Durante o mês de julho de 2023, Lisa Ginzburg está lançando o seu livro no Brasil e esteve na 11ª edição do FliAraxá, um festival literário que acontece todos os anos na cidade mineira, onde a autora falou sobre Cara Paz e também sobre a sua admiração por Clarice Lispector, que ela considera uma fonte inesgotável de inspiração para a escrita e também do maravilhoso Jorge Amado, que através de seu romance Dona Flor e seus dois maridos a instigou a viajar para o Brasil e a conhecer a capital baiana Salvador, lugar onde morou por um tempo. Lisa falou também sobre sororidade, o tema principal de sua mesa no evento. Ela afirmou que o romance tem este como um dos seus temas centrais, até porque, o termo sororidade, utilizado no Brasil como uma forma de irmandade, de empatia e de companheirismo, principalmente entre as mulheres, vem do italiano sorelle, que significa irmãs, mostrando toda a pertinência desse tema com o romance que conta a história de duas irmãs de sangue, mas que vivenciam essa relação de forma empática e pautada pelo companheirismo constante, mesmo estando as duas a uma enorme distância física, que não impede o triunfo do amor fraterno.
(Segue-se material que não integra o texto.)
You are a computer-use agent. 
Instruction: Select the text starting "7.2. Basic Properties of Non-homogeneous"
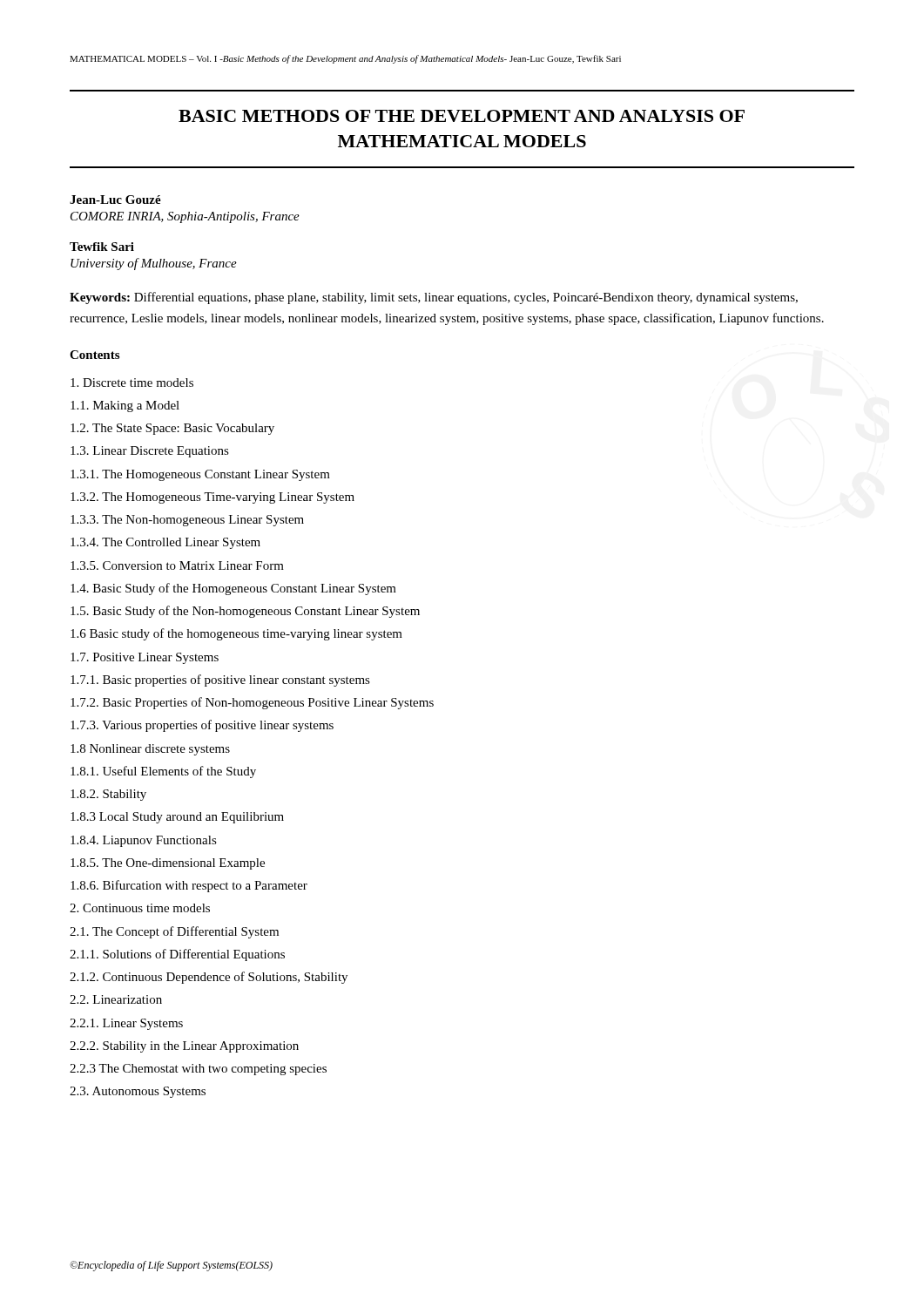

Cara paz é um romance muito bem escrito, delicado e profundo ao mesmo tempo. Apresenta para o leitor uma história contemporânea, que dialoga muito bem com a vida de tantos leitores que convivem com o desmonte de suas famílias e com os deslocamentos que a vida nos obriga a fazer com mais frequência do que gostaríamos. A grande metáfora está na figura de Mad, carregando a sua casa deslocada nas costas, sua família desfeita e depois de muito caminhar, assim como as tartarugas, encontra a sua cara paz.